必ずしも「入居者が原因」とは決めつけられない
排水管の不良による漏水は、主に「詰まり」「脱管」「老朽化」が想定されます。「詰まり」に関してよくあるパターンが、入居者がトイレを詰まらせたり、台所の排水を詰まらせたりしてしまうものです。この場合、基本的には入居者の過失となり、費用請求も入居者にすることになります。しかし、ここで決めつけてしまうのは危険です。明らかに便器に物を詰めてしまった場合は、入居者も身に覚えがありますので、もめることは少ないですが、トイレでも台所の排水でも、敷地にあるマンホールから汚水が噴き出ているとなると、その入居者の過失とも言い切れなくなります。
排水系の詰まりに関しては、長年の汚れが管に溜まり、特に冬場になると塊ができて詰まりを発生させることがあるからです。他にも、植物の根が管の中で育ってしまい、流れをせき止めることもあります。
それらの原因では、通常通りの使い方をしていた入居者なら、純粋な被害者となりますので、その人に費用請求が発生するとは決めつけられないわけです。ですから、「お客様の使い方に原因がある場合は、費用が発生いたします」と丁寧に伝えたうえで原因究明することが大切なのです。
▼トイレの詰まり対応
ペーパーの流しすぎでトイレを詰まらせてしまった時の対処法は、ラバーカップ(半球上の吸引ゴムの付いた棒)を用います。基本的にはゆっくりと便器内に水を溜め、ラバーカップを沈めていき、真空状態を作り出してペーパーの詰まりを引き出し、水の流れをつくる「引き」が大切になります。
まれに、物を流してしまったという場合には、便器の取り外しが必要になりますので、よほど自信がある場合を除いてはプロの業者に頼んだほうがよいでしょう。トイレの場合は、お風呂以上に頻繁に入居者が利用するものですから、自分たちの行った作業が原因で、さらに入居者の迷惑となるのは避けたいところです。
プロに頼む前に「トーラー」を使ってみる
▼雑排水の詰まり対応
よくある例が、台所の排水詰まりです。
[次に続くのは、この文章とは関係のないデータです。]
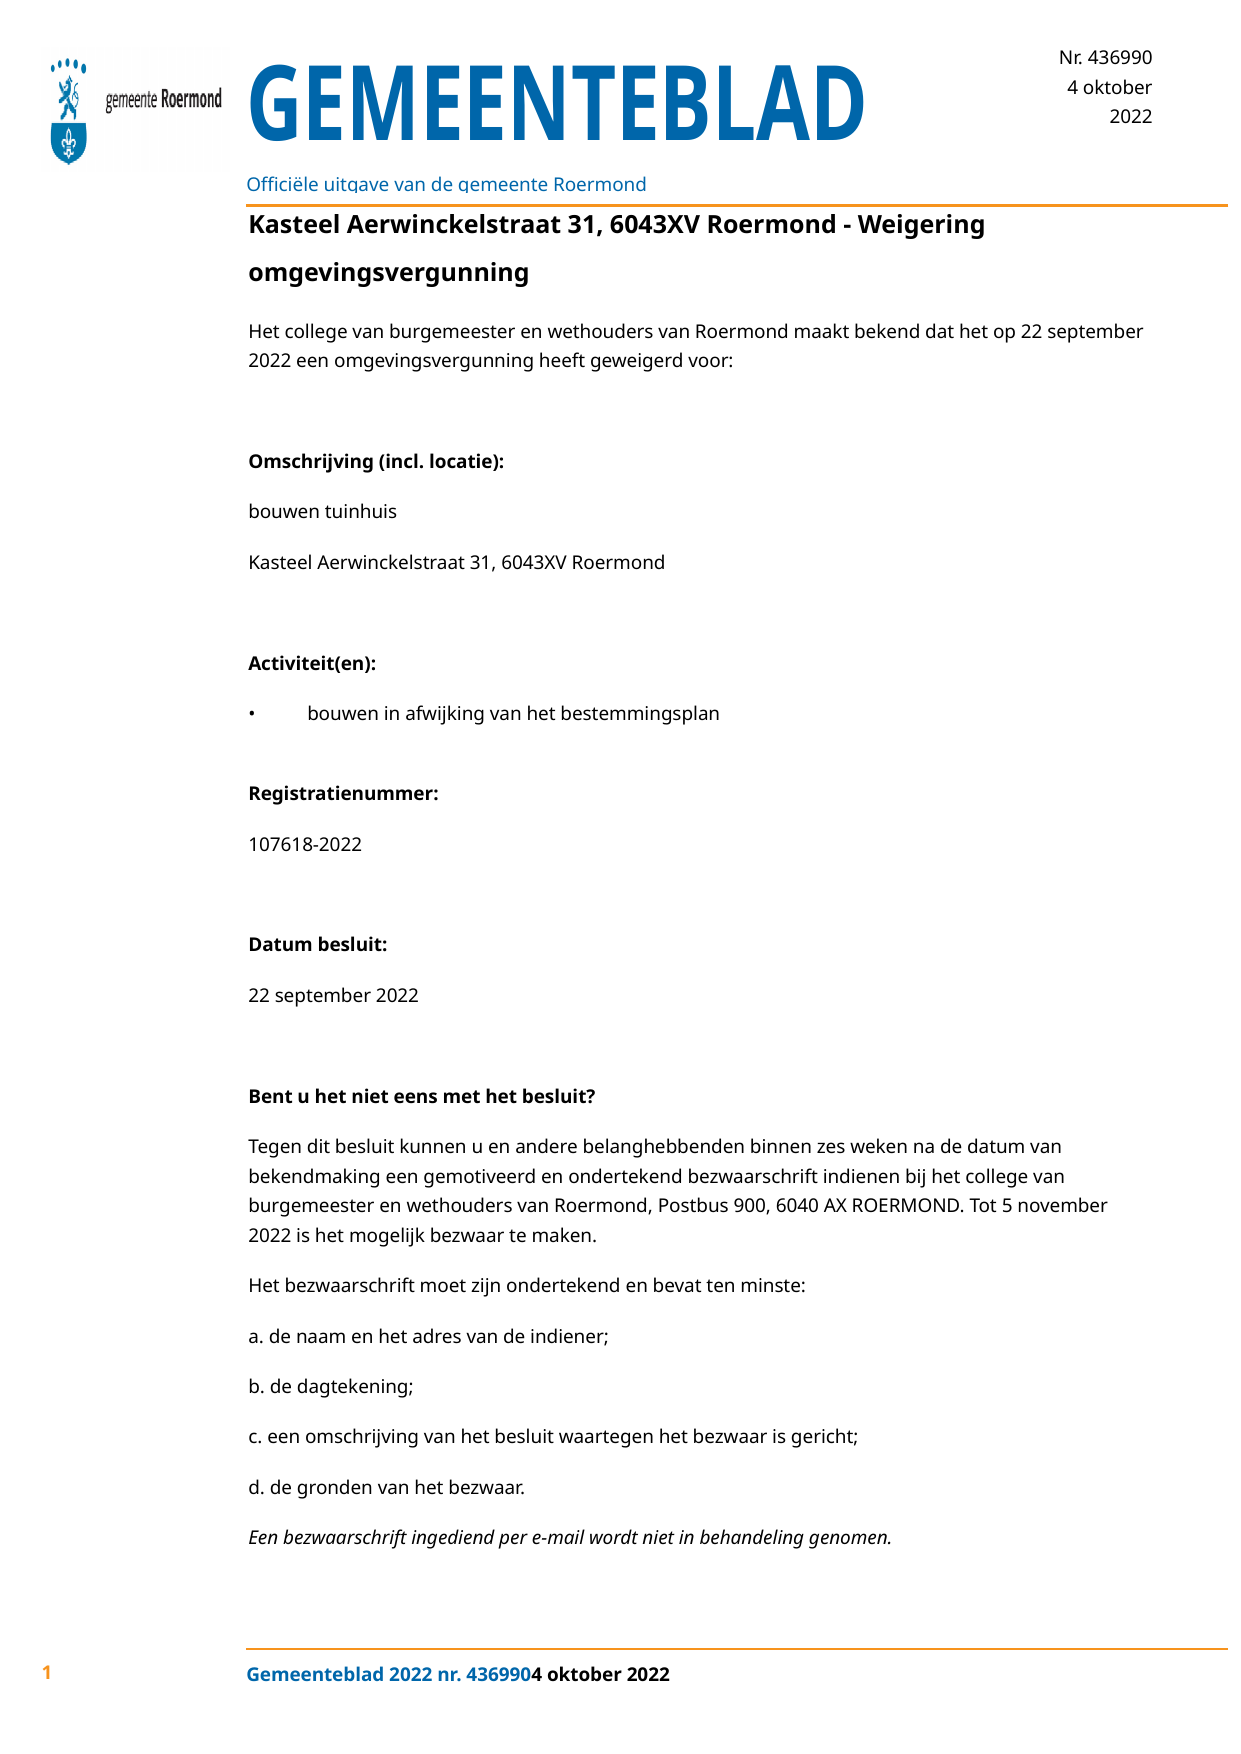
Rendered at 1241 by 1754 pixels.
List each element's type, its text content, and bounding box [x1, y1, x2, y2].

text Het college van burgemeester en wethouders van Roermond maakt bekend dat het op 22 september 2022 een omgevingsvergunning heeft geweigerd voor: [248, 318, 1152, 373]
text d. de gronden van het bezwaar. [248, 1474, 1152, 1500]
text c. een omschrijving van het besluit waartegen het bezwaar is gericht; [248, 1424, 1152, 1449]
text Het bezwaarschrift moet zijn ondertekend en bevat ten minste: [248, 1272, 1152, 1298]
text Kasteel Aerwinckelstraat 31, 6043XV Roermond - Weigering omgevingsvergunning [248, 207, 1152, 288]
text bouwen tuinhuis [248, 499, 1152, 524]
text 22 september 2022 [248, 982, 1152, 1008]
text 107618-2022 [248, 831, 1152, 857]
text Kasteel Aerwinckelstraat 31, 6043XV Roermond [248, 549, 1152, 575]
text Tegen dit besluit kunnen u en andere belanghebbenden binnen zes weken na de datum van bekendmaking een gemotiveerd en ondertekend bezwaarschrift indienen bij het college van burgemeester en wethouders van Roermond, Postbus 900, 6040 AX ROERMOND. Tot 5 november 2022 is het mogelijk bezwaar te maken. [248, 1133, 1152, 1248]
text Bent u het niet eens met het besluit? [248, 1083, 1152, 1109]
text Datum besluit: [248, 932, 1152, 957]
text a. de naam en het adres van de indiener; [248, 1323, 1152, 1349]
list bouwen in afwijking van het bestemmingsplan [248, 700, 1152, 726]
text b. de dagtekening; [248, 1373, 1152, 1399]
text Registratienummer: [248, 780, 1152, 806]
text Omschrijving (incl. locatie): [248, 448, 1152, 474]
text Een bezwaarschrift ingediend per e-mail wordt niet in behandeling genomen. [248, 1524, 1152, 1550]
text Activiteit(en): [248, 650, 1152, 676]
picture [41, 47, 231, 172]

一般的には排水にネットをかけて細かいゴミを流さないようにするのが常識かと思いますが、なかには排水口に生ゴミや油を流してしまったり、洗面所の排水に歯ブラシを詰まらせたりしたケースもありました。基本はトラップ(水をためて悪臭を防ぐ部品)型の排水パイプを外して詰まりを除去します。このパイプの中に詰まりの原因となるものがあれば、入居者側に責任があると判断しやすいのですが、問題は排水パイプから先の配管が詰まっていた場合です。この場合は、プロに頼む前に試しておきたいのが、トーラーを使っての塊除去です。
◆クマの対処法
①作業をする場合は、まず敷地内の生活排水用の枡(ます)の中を確認します。
②エルボと呼ばれるL字管を外し、水の流れをせき止めている方向を確認します。もっともこの段階で枡があふれていれば、枡よりも外側が詰まっていることになりますが、大体の場合、室内側での詰まりかと思います。枡にあるエルボ自体に脂が詰まっていることもあります。
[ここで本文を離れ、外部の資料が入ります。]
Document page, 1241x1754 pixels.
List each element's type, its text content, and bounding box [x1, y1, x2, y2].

③詰まりの方向がわかったらトーラーを使います。トーラーとは、長い金属製のワイヤーのようなもので、排水口に突っ込んで行き、手ごたえのある部分に到達した段階で、力を加えて脂等の塊を除去するものです。大体ここまでやって、歯が立たなければ高圧洗浄機を持っているプロにバトンタッチしたほうがよいでしょう。
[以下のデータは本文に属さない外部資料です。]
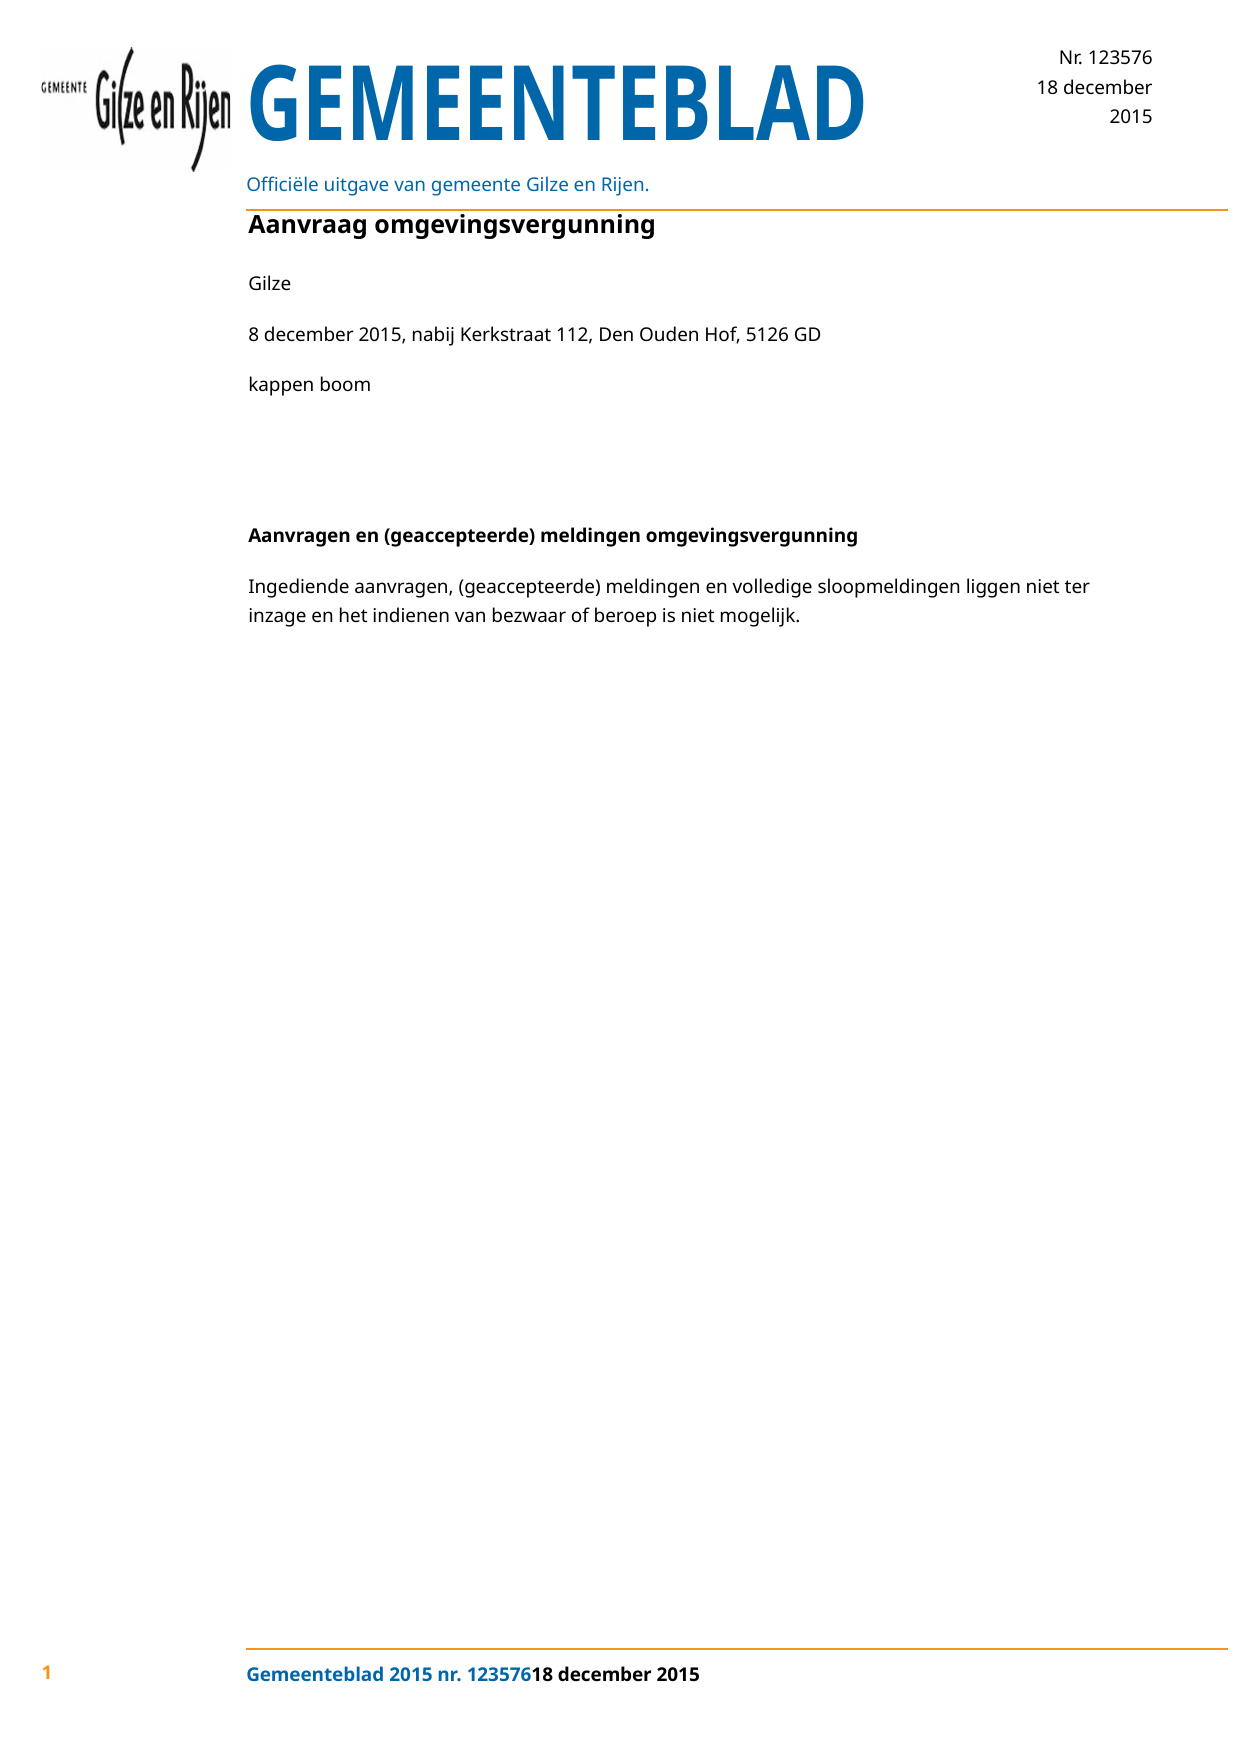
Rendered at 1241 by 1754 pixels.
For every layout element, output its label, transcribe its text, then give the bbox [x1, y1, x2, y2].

text kappen boom [248, 371, 1152, 397]
picture [41, 47, 231, 172]
text 8 december 2015, nabij Kerkstraat 112, Den Ouden Hof, 5126 GD [248, 321, 1152, 346]
text Aanvraag omgevingsvergunning [248, 211, 1152, 241]
text Aanvragen en (geaccepteerde) meldingen omgevingsvergunning [248, 522, 1152, 548]
text Ingediende aanvragen, (geaccepteerde) meldingen en volledige sloopmeldingen liggen niet ter inzage en het indienen van bezwaar of beroep is niet mogelijk. [248, 573, 1152, 628]
text Gilze [248, 270, 1152, 296]

その場合、当然費用はかかりますが、安い費用のトーラーで直る場合も多いので、プロを呼ぶのは最後の手段とするのが費用を抑えるコツです。なお、プロの使う高圧洗浄は音が大きいため、作業が夜間に行われる場合は、近隣へ事情説明を兼ねての挨拶が必要となります。苦情が二次クレームとなる相手は入居者だけとは限りませんので注意が必要です。